4. Pour refuser à M. D le renouvellement de sa carte professionnelle, la CNAC s'est fondée sur sa mise en cause pour des faits de dénonciation mensongère à une autorité judiciaire ayant entrainé des recherches inutiles commis le 22 octobre 2019, ayant donné lieu à un rappel à la loi par officier de police judiciaire le 16 juillet 2020, en considérant que ces faits, de par leur nature, leur gravité et leur caractère récent traduisaient un comportement infractionnel et une violation de ses obligations déontologiques. Dans ces circonstances, eu égard au caractère isolé de ces faits sans rapport avec ses fonctions, qui ont donné lieu à une mesure d'alternative aux poursuites pénales, alors que M. D exerce la fonction d'agent privé de sécurité depuis 2011 en donnant toute satisfaction, la décision du 5 juillet 2021 de la commission nationale d'agrément et de contrôle du CNAPS rejetant son recours administratif préalable obligatoire et lui refusant le renouvellement de sa carte professionnelle est entachée d'une erreur d'appréciation au regard des dispositions de l'article L. 612-20 du code de la sécurité intérieure et doit par suite, être annulée, sans qu'il soit besoin de statuer sur la fin de non-recevoir présentée par le Conseil national des activités privées de sécurité.

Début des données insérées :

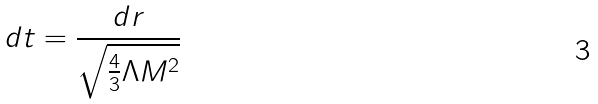<formula> <loc_0><loc_0><loc_500><loc_500>d t = \frac { d r } { \sqrt { \frac { 4 } { 3 } \Lambda M ^ { 2 } } }</formula> 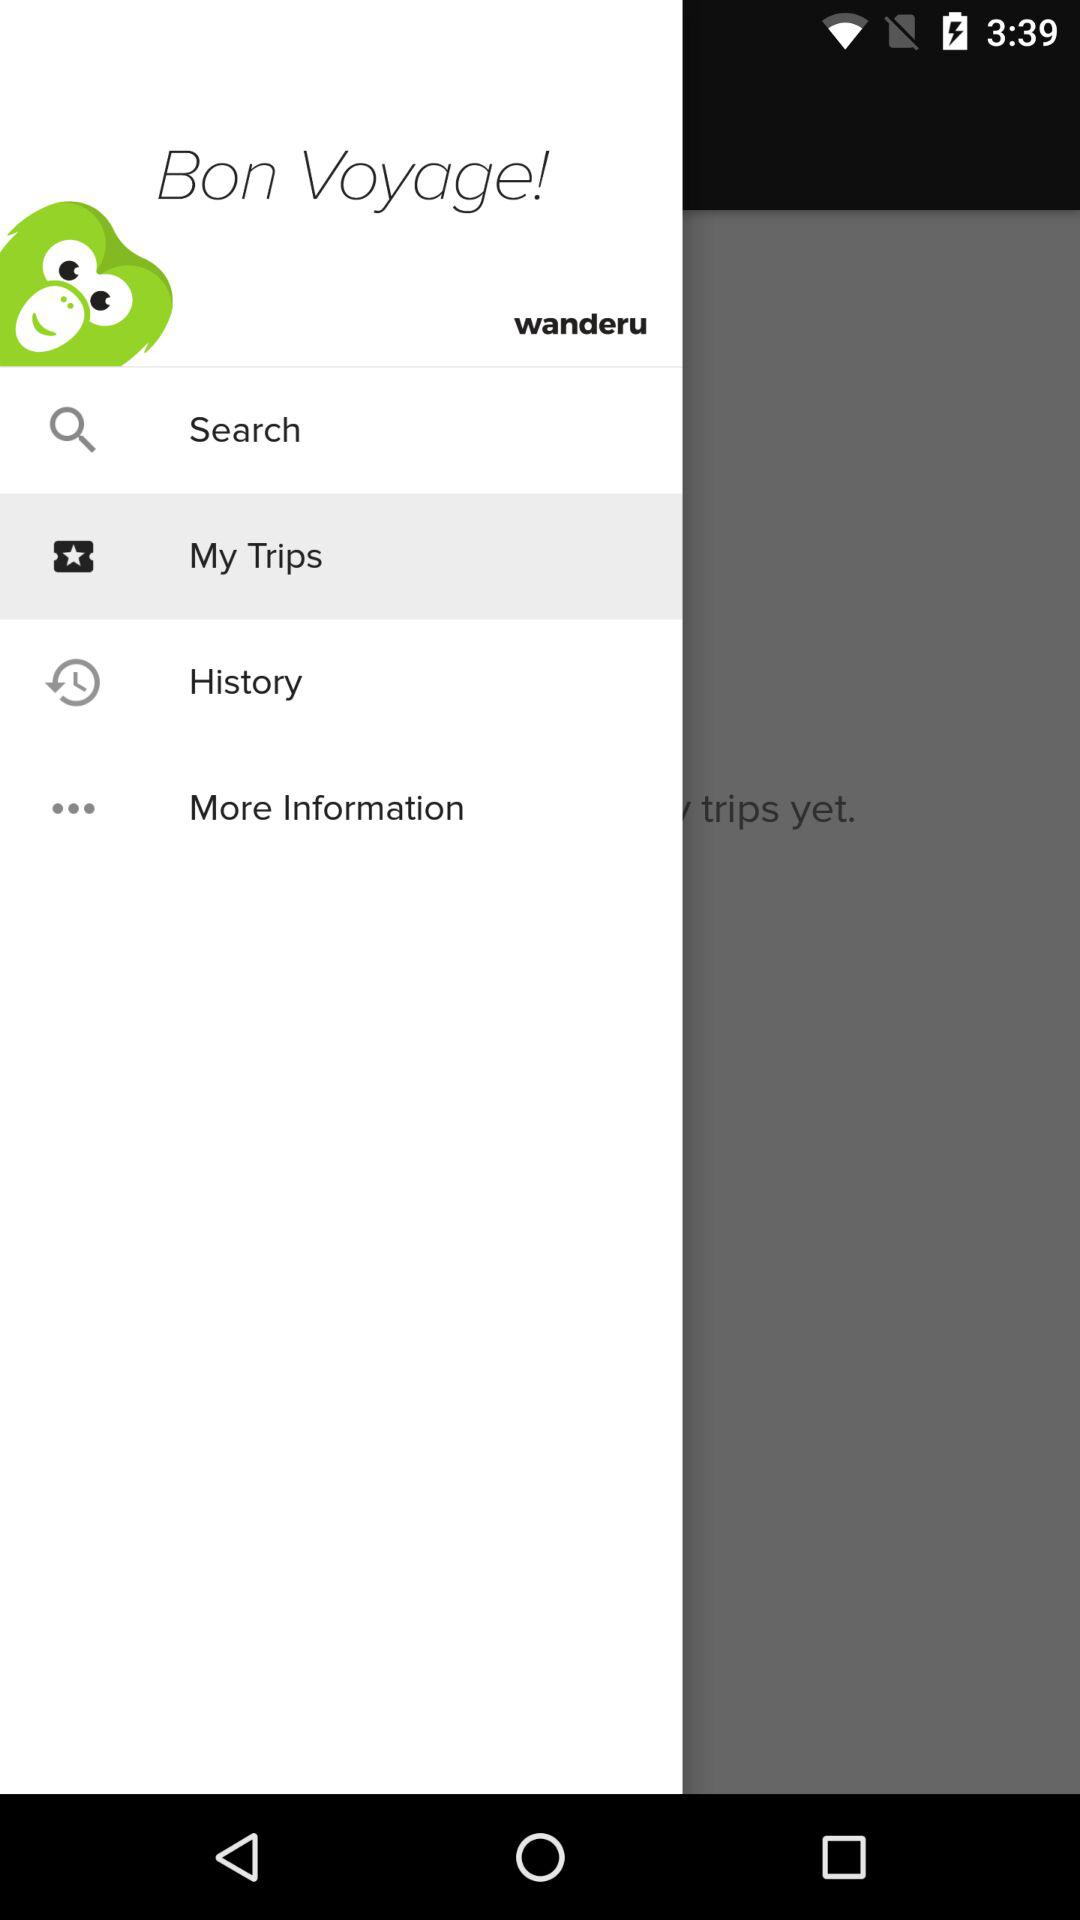What is the selection option? The selected option is "My Trips".

Sur les conclusions à fin d'injonction :

5. Aux termes de l'article L. 612-20-1 du code de la sécurité intérieure : " Le renouvellement de la carte professionnelle est subordonné au suivi d'une formation continue, dans des conditions prévues par décret en Conseil d'Etat ". Il s'ensuit qu'en l'absence de changement dans les circonstances de fait ou de droit, l'annulation prononcée par le présent jugement implique seulement qu'il soit enjoint à la commission nationale d'agrément et de contrôle du CNAPS de réexaminer, dans un délai de deux mois, la demande de renouvellement de carte professionnelle d'agent de sécurité privée présentée par M. D. Il n'y a pas lieu d'assortir cette injonction d'une astreinte.

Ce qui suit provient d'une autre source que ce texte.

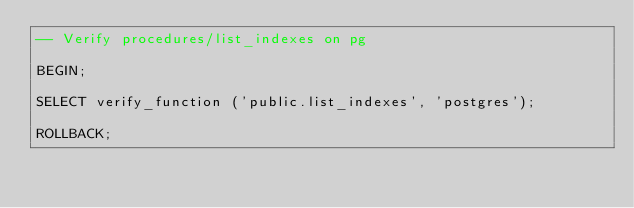<code> <loc_0><loc_0><loc_500><loc_500><_SQL_>-- Verify procedures/list_indexes on pg

BEGIN;

SELECT verify_function ('public.list_indexes', 'postgres');

ROLLBACK;
</code> 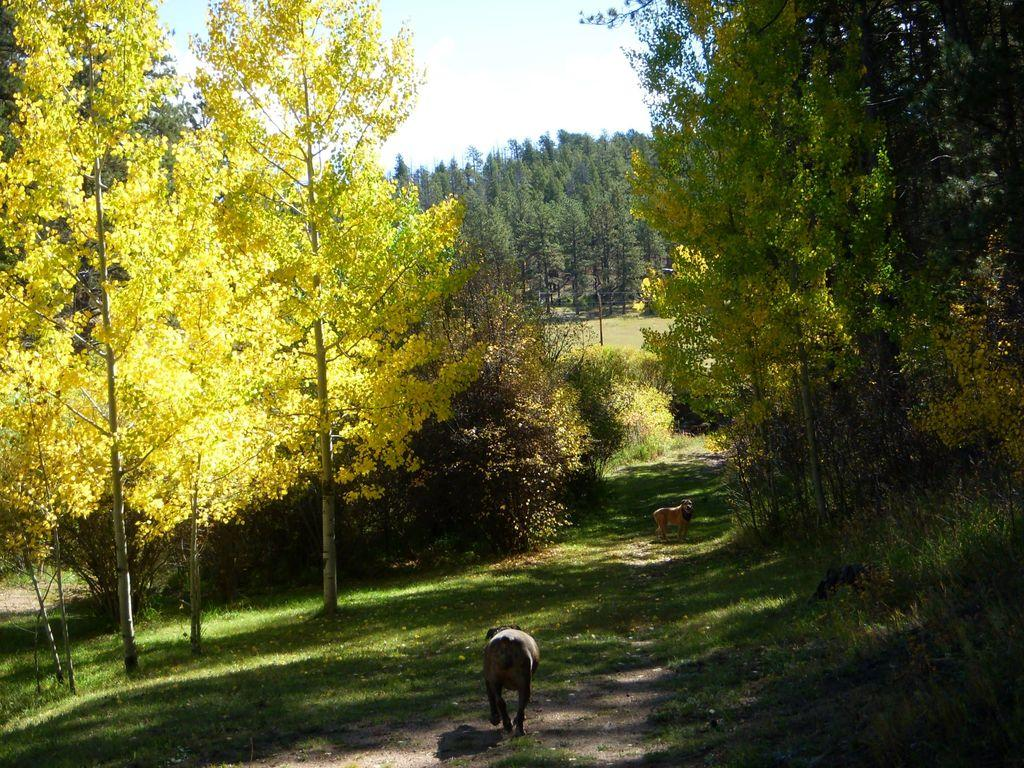What type of animals can be seen in the image? There are animals on the ground in the image. What can be seen in the background of the image? There is grass, trees, and the sky visible in the background of the image. What type of fruit is being turned into a rule in the image? There is no fruit or rule present in the image; it features animals on the ground with grass, trees, and the sky in the background. 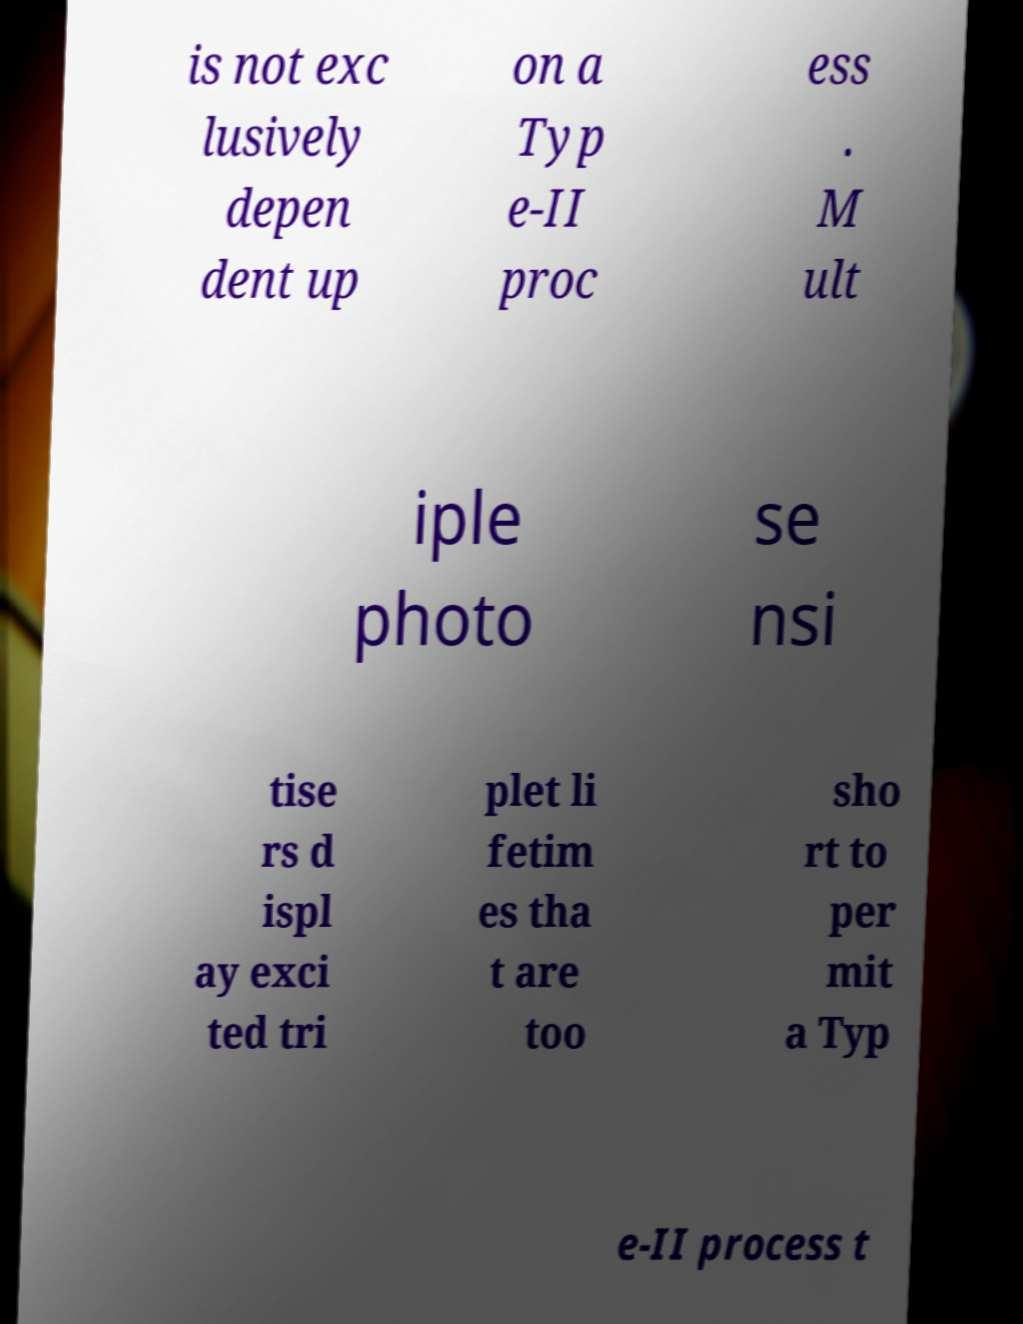I need the written content from this picture converted into text. Can you do that? is not exc lusively depen dent up on a Typ e-II proc ess . M ult iple photo se nsi tise rs d ispl ay exci ted tri plet li fetim es tha t are too sho rt to per mit a Typ e-II process t

Sur les frais liés au litige :

6. Dans les circonstances de l'espèce, il y a lieu de mettre à la charge du Conseil national des activités privées de sécurité la somme de 1 500 euros à verser à Me Marcilly, conseil de M. D, sous réserve qu'il renonce à percevoir la part contributive de l'Etat.

D E C I D E :

Article 1er : La décision de la commission nationale d'agrément et de contrôle du Conseil national des activités privées de sécurité du 5 juillet 2021 refusant à M. D le renouvellement de sa carte professionnelle d'agent privé de sécurité est annulée.

Article 2 : Il est enjoint à la commission nationale d'agrément et de contrôle du CNAPS de réexaminer la demande de M. D tendant au renouvellement de sa carte professionnelle d'agent privé de sécurité, dans un délai de deux mois à compter de la notification du présent jugement.

Article 3 : Le Conseil national des activités privées de sécurité versera à Me Marcilly, avocat de M. D, la somme de 1 500 euros au titre de l'article L. 761-1 du code de justice administrative.

Article 4 : Le surplus des conclusions de la requête est rejeté.

Article 5 : Le présent jugement sera notifié à M. B D, et au Conseil national des activités privées de sécurité.

Délibéré après l'audience du 10 février 2023, à laquelle siégeaient :

M. Paganel, président,

Mme Bergerat, première conseillère,

Mme Dang, première conseillère.

Rendu par mise à disposition au greffe le 3 mars 2023 .

La rapporteure,

Signé

L. A

Le président,

Signé

M. C La greffière,

Signé

N. PAULET

La République mande et ordonne au ministre de l'intérieur et des outre-mer, en ce qui le concerne, ou à tous commissaires de justice, en ce qui concerne les voies de droit commun contre les parties privées, de pourvoir à l'exécution de la présente décision.